Od: waldemar z domu <w...@t...de>
Pokaż wszystkie nagłówki
> Firma "Star" specjalizuje się w gotowych sosach do makaronu (zawartość
> puszki na moment na patelnię, sosem polać makaron i trochę parmezanu na
> to). Jak chodzi o tortelini lub ravioli to b.dobre robi "Rana" - z serem,
> z szynką, ze szpinakiem, z truflami itd. (ugotowane pierożki polać
> śmietaną i posypać parmezanem).
> Mają również dużo gotowych mrożonych dań - począwszy od zup, poprzez
> różnego rodzaju ryby i kotleciki.
> Wędliny w 90% bardzo tłuste i słone (kroją je w b.cieniutkie plasterki).
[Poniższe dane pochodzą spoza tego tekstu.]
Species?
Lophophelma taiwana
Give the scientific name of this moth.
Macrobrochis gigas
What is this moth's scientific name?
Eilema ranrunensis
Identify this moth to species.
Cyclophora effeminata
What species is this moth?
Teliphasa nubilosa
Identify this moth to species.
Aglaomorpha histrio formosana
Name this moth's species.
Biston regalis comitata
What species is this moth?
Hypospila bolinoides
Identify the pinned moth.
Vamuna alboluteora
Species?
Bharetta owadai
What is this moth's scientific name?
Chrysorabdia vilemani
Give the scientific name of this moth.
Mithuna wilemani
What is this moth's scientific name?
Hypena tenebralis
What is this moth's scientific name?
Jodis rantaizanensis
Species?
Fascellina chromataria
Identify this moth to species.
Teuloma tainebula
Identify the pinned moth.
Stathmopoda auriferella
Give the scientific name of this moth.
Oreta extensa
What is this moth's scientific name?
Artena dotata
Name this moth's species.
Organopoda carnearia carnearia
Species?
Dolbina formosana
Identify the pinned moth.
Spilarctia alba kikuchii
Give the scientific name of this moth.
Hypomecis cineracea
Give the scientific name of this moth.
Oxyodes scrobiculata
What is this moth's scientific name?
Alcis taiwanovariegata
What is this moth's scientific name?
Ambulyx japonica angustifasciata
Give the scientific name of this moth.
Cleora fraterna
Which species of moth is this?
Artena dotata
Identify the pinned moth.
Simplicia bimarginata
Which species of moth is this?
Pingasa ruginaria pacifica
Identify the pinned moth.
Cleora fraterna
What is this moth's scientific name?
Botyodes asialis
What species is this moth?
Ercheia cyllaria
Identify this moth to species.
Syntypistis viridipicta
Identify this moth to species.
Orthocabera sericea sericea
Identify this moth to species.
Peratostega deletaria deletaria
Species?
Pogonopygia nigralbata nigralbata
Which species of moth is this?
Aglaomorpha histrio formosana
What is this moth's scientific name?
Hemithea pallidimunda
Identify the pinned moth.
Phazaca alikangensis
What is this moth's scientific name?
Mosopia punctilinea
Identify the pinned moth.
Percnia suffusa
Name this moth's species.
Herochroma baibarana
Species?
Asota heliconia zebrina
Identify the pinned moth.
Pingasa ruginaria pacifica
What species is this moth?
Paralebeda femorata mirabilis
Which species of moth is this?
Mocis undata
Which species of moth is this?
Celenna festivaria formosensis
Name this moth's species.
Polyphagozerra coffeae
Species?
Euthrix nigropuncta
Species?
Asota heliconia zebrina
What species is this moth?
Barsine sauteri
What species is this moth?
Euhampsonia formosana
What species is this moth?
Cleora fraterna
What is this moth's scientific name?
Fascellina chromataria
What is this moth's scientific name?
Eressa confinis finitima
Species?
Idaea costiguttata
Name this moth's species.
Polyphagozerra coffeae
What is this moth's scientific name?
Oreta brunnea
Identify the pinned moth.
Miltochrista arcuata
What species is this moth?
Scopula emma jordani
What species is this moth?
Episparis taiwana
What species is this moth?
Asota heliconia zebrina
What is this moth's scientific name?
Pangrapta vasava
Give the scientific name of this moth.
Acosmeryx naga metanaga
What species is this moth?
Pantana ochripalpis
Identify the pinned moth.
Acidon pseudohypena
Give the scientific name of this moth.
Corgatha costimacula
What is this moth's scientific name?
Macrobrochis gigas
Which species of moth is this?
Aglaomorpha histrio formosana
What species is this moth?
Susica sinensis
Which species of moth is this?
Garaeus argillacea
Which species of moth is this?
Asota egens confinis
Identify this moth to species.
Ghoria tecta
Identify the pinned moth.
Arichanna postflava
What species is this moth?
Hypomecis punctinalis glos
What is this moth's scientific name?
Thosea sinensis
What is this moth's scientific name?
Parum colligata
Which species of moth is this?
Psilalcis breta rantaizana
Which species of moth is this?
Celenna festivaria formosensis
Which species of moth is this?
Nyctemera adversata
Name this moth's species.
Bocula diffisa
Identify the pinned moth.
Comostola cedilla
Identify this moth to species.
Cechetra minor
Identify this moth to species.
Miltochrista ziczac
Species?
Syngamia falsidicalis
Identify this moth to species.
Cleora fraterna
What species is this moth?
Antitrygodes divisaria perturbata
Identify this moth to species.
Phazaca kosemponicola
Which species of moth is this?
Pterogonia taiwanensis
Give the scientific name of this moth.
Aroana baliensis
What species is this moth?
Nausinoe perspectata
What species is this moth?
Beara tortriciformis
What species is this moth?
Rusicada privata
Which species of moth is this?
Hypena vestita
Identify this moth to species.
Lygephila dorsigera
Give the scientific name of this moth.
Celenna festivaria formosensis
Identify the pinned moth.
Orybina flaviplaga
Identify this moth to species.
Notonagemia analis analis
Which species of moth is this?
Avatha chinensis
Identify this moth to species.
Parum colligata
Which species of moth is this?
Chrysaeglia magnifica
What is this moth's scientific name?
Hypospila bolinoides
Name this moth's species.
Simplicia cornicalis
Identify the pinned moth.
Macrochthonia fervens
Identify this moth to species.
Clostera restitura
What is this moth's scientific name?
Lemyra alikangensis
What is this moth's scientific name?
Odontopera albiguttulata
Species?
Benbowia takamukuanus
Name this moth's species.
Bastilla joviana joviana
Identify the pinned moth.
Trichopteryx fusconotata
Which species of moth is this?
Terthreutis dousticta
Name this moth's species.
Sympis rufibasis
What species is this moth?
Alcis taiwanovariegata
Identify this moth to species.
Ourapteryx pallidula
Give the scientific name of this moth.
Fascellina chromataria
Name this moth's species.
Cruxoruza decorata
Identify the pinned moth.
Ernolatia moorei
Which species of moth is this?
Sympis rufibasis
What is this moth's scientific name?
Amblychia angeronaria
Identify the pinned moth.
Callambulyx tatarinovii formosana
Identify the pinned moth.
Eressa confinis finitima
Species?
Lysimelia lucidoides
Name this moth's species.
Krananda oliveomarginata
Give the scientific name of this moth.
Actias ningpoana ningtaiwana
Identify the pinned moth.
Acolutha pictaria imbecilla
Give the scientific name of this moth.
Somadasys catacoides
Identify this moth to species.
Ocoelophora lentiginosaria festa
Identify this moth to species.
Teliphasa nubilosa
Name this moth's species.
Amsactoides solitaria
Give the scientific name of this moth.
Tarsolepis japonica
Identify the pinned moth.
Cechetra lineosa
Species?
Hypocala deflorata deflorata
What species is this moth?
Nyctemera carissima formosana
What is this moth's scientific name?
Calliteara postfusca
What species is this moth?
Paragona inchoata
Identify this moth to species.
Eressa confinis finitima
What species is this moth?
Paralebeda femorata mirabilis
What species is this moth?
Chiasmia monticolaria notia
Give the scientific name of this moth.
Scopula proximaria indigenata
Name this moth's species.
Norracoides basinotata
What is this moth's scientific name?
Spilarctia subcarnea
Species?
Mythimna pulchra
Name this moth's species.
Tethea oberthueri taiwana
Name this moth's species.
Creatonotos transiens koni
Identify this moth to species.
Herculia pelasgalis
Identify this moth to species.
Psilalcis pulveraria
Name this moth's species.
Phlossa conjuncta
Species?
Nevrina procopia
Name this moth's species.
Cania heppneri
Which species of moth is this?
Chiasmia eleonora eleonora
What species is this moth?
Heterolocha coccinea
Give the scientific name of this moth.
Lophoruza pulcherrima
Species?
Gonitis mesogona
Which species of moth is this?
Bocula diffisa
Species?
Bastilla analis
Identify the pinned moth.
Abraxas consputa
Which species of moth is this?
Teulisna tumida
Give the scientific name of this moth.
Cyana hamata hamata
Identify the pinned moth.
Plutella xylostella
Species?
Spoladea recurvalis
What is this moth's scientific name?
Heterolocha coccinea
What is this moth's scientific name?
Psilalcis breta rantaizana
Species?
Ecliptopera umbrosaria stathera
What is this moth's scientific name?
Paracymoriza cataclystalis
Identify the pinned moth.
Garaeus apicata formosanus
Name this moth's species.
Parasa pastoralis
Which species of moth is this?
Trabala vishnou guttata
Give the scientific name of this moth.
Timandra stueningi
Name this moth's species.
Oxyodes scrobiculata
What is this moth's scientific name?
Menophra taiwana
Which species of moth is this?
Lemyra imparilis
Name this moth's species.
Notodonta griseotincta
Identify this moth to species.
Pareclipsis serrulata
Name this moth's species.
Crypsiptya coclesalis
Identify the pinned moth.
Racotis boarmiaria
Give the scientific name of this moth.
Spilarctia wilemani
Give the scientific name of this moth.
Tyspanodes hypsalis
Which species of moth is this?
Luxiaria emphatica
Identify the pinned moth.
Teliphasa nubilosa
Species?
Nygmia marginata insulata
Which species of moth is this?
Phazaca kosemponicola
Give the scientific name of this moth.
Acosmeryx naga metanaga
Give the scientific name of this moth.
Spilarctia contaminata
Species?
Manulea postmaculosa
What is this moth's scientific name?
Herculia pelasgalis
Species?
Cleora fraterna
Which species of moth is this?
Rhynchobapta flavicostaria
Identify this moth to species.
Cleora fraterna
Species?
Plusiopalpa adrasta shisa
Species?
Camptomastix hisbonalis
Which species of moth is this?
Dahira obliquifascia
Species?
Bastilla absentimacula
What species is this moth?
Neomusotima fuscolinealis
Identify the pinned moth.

> Sery sprzedawane są w kawałkach (nie kroją w plasterki).
> Jeżeli chcecie zaoszczędzić to na pizzę idźcie tam, gdzie jest pizza al
> taglio (bierzesz na wynos jeden lub kilka kawałków pizzy - płacisz ok
> 4000-5000 ITL - w pizerii kosztuje od 9000-20000 ITL).
> Generalnie restauracja jest droższa niż trattoria (rodzaj restauracji
> niższej kategorii - nie zmieniają obrusów, często menu "recytuje" kelner,
> gdyż codziennie jest inne). A i jeszcze jedno - sztućce po pierwszym daniu
> należy sobie zostawić, bo nie podają oddzielnych do drugiego. Acha,
> płacisz również dodatkowo za "coperto" na osobę (od 2000-4000 ITL):
> nakrycie, pieczywo (które cały czas jest na stole), grissini (takie grube
> paluszki), parmezan.
> Uwaga na pieczywo - b.drogie - sprzedawane na kg ("polski" chleb b. trudno
> znaleźć - gł. mają pieczywo pszenne).
> Ale nie musicie się martwić. Ceny w knajpach są porównywalne do polskich
> (oczywiście są tańsze i droższe). Jeżeli jedziecie do typowo turystycznej
> miejscowości musicie się liczyć z tym, że ceny mogą być parę % wyższe (ale
> u nas jest to samo).
>
> Życzę udanego urlopu i wielu miłych wrażeń kulinarnych
No i przypomnę, aby nie brać lirów. Co prawda liry są jeszcze jakiś czas
ważne, ale znajdą się sklepy (w Niemczech większość, a prawie wszystkie
małe), które starych pieniędzy nie będą brać już od początku stycznia.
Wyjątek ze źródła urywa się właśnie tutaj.